» Problem description
A word-for-word copy of the entries, with the images left out, is what you should write.

» Recorded data
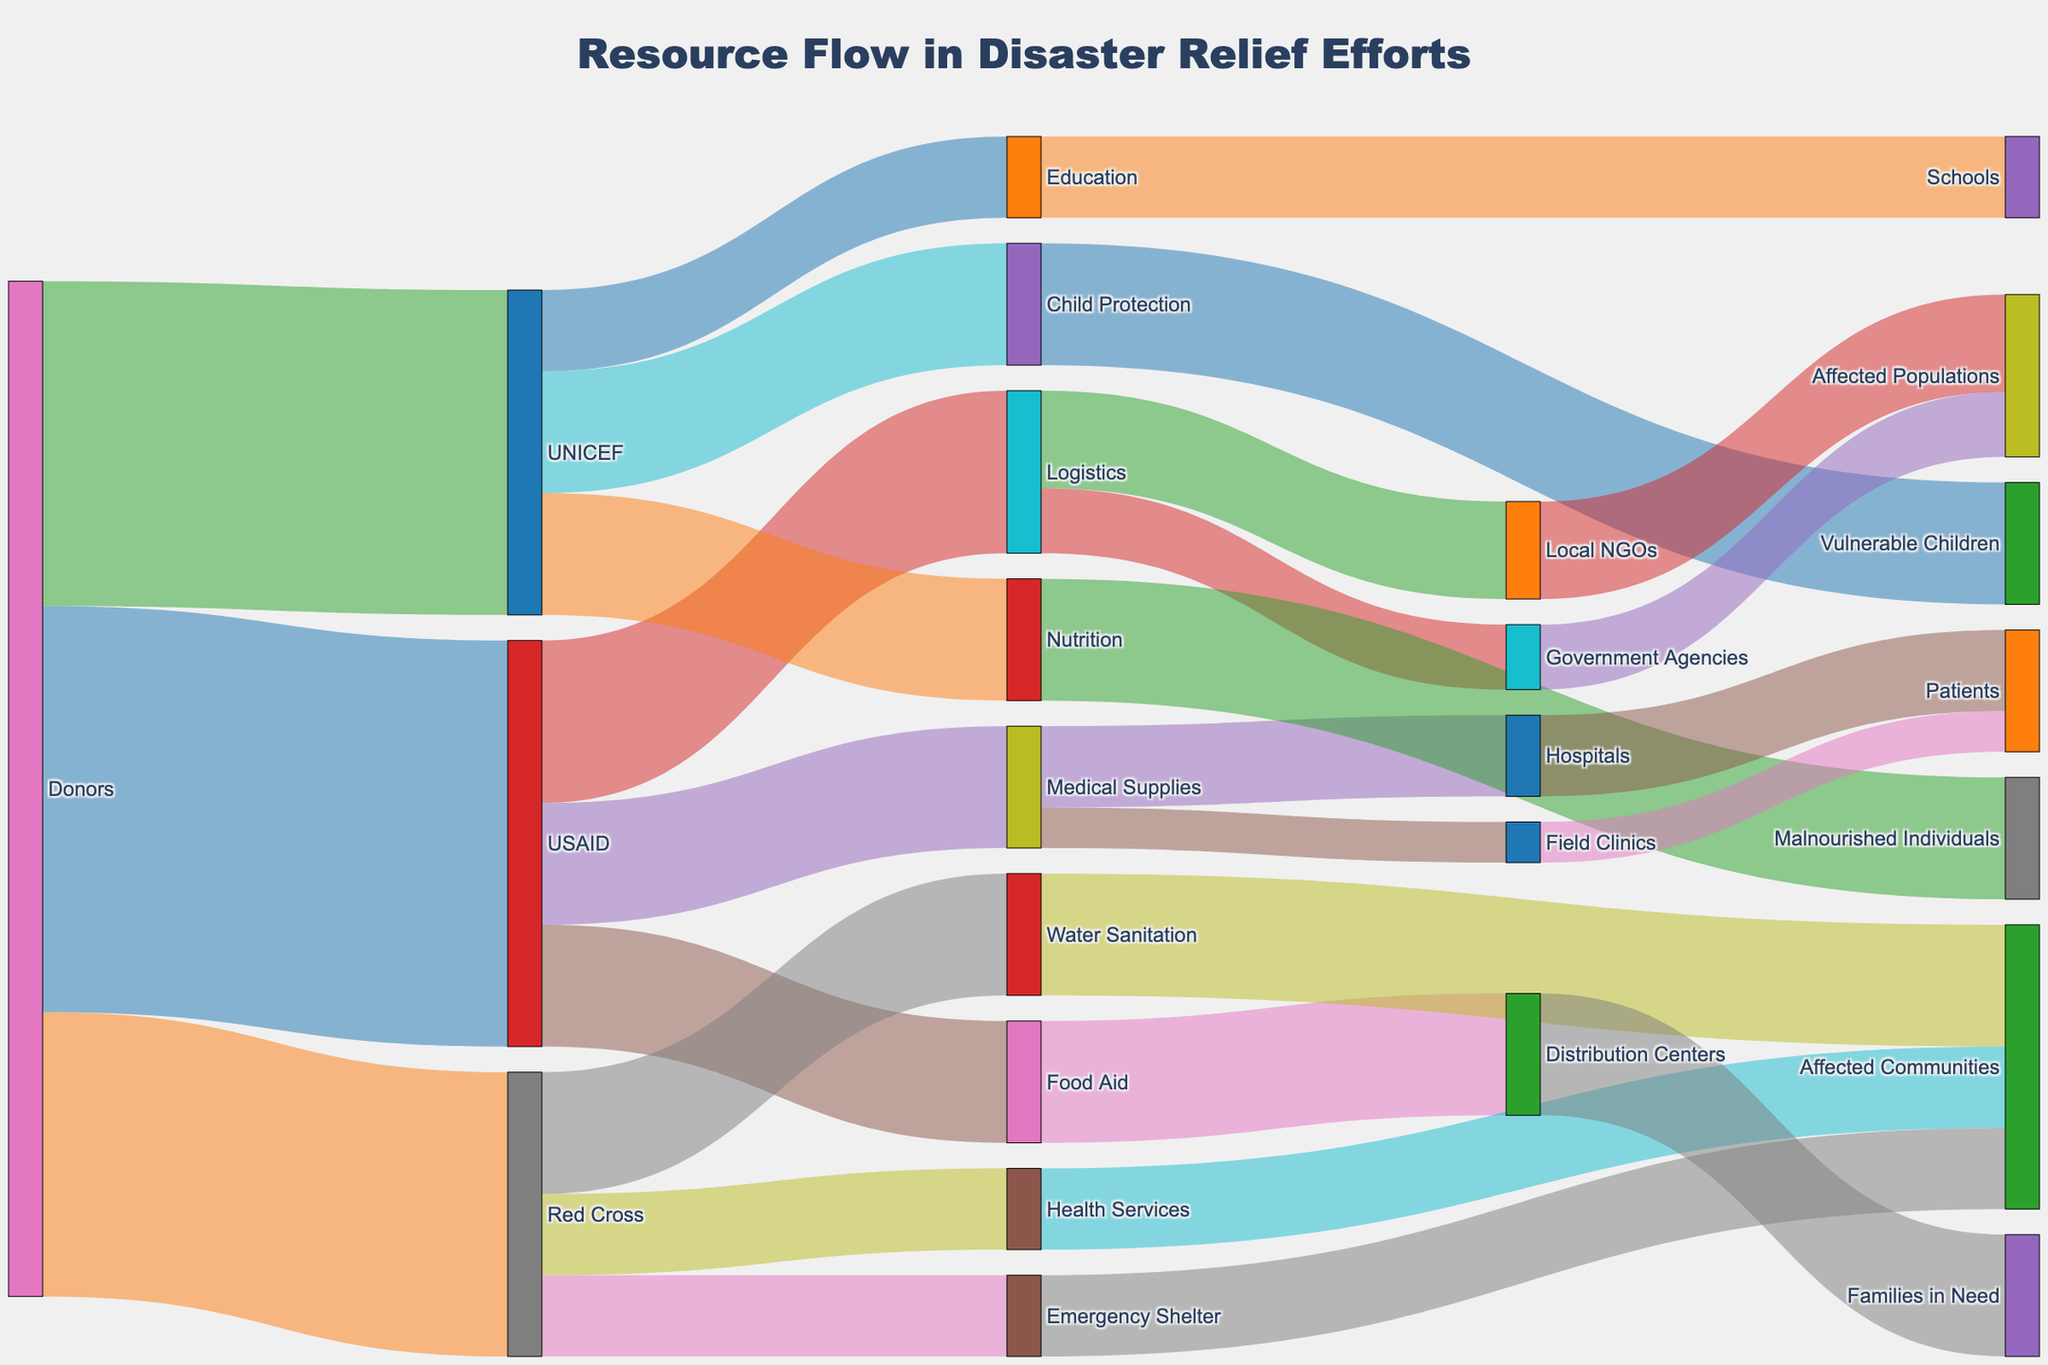What is the total amount of resources provided by USAID? To find the total resources provided by USAID, sum the values directed from USAID: Logistics ($2,000,000), Medical Supplies ($1,500,000), and Food Aid ($1,500,000). The total is $2,000,000 + $1,500,000 + $1,500,000 = $5,000,000.
Answer: $5,000,000 Which donor provided the most resources? Compare the values provided by each donor. Donors provided $5,000,000 to USAID, $3,500,000 to Red Cross, and $4,000,000 to UNICEF. USAID received the most resources: $5,000,000.
Answer: USAID How much did Red Cross allocate to Health Services? From the diagram, Red Cross allocated $1,000,000 to Health Services.
Answer: $1,000,000 What is the total amount of resources allocated to affected communities by Red Cross? Sum the values directed from Red Cross to affected communities through different channels: Emergency Shelter ($1,000,000), Water Sanitation ($1,500,000), and Health Services ($1,000,000). The total is $1,000,000 + $1,500,000 + $1,000,000 = $3,500,000.
Answer: $3,500,000 What are the three main categories funded by UNICEF and their corresponding values? UNICEF funded Child Protection ($1,500,000), Education ($1,000,000), and Nutrition ($1,500,000).
Answer: Child Protection ($1,500,000), Education ($1,000,000), Nutrition ($1,500,000) Which category received the least amount of resources from donors? Check the smallest individual value in the chart under each category funded by donors. Education received $1,000,000, which is the smallest value.
Answer: Education How much total funding flows through distribution centers? Distribution centers only receive funding under Food Aid, specifically $1,500,000.
Answer: $1,500,000 What is the combined amount allocated to Logistics and Food Aid by USAID, and how does it compare to their total funds? Find the sum of amounts directed to Logistics and Food Aid by USAID: Logistics ($2,000,000) + Food Aid ($1,500,000) = $3,500,000. Then compare it with USAID's total funds: (3,500,000 / 5,000,000) * 100%. The result is 70%.
Answer: $3,500,000; 70% of total How much in total did affected populations receive from all sources? Sum all values directed to affected populations from various sources: Local NGOs ($1,200,000) + Government Agencies ($800,000) + Distribution Centers ($1,500,000) + Affected Communities (through emergency shelter, water sanitation, and health services, $3,500,000) = $7,000,000.
Answer: $7,000,000

» Response box
What is the total amount of resources provided by USAID? To find the total resources provided by USAID, sum the values directed from USAID: Logistics ($2,000,000), Medical Supplies ($1,500,000), and Food Aid ($1,500,000). The total is $2,000,000 + $1,500,000 + $1,500,000 = $5,000,000.
Answer: $5,000,000 Which donor provided the most resources? Compare the values provided by each donor. Donors provided $5,000,000 to USAID, $3,500,000 to Red Cross, and $4,000,000 to UNICEF. USAID received the most resources: $5,000,000.
Answer: USAID How much did Red Cross allocate to Health Services? From the diagram, Red Cross allocated $1,000,000 to Health Services.
Answer: $1,000,000 What is the total amount of resources allocated to affected communities by Red Cross? Sum the values directed from Red Cross to affected communities through different channels: Emergency Shelter ($1,000,000), Water Sanitation ($1,500,000), and Health Services ($1,000,000). The total is $1,000,000 + $1,500,000 + $1,000,000 = $3,500,000.
Answer: $3,500,000 What are the three main categories funded by UNICEF and their corresponding values? UNICEF funded Child Protection ($1,500,000), Education ($1,000,000), and Nutrition ($1,500,000).
Answer: Child Protection ($1,500,000), Education ($1,000,000), Nutrition ($1,500,000) Which category received the least amount of resources from donors? Check the smallest individual value in the chart under each category funded by donors. Education received $1,000,000, which is the smallest value.
Answer: Education How much total funding flows through distribution centers? Distribution centers only receive funding under Food Aid, specifically $1,500,000.
Answer: $1,500,000 What is the combined amount allocated to Logistics and Food Aid by USAID, and how does it compare to their total funds? Find the sum of amounts directed to Logistics and Food Aid by USAID: Logistics ($2,000,000) + Food Aid ($1,500,000) = $3,500,000. Then compare it with USAID's total funds: (3,500,000 / 5,000,000) * 100%. The result is 70%.
Answer: $3,500,000; 70% of total How much in total did affected populations receive from all sources? Sum all values directed to affected populations from various sources: Local NGOs ($1,200,000) + Government Agencies ($800,000) + Distribution Centers ($1,500,000) + Affected Communities (through emergency shelter, water sanitation, and health services, $3,500,000) = $7,000,000.
Answer: $7,000,000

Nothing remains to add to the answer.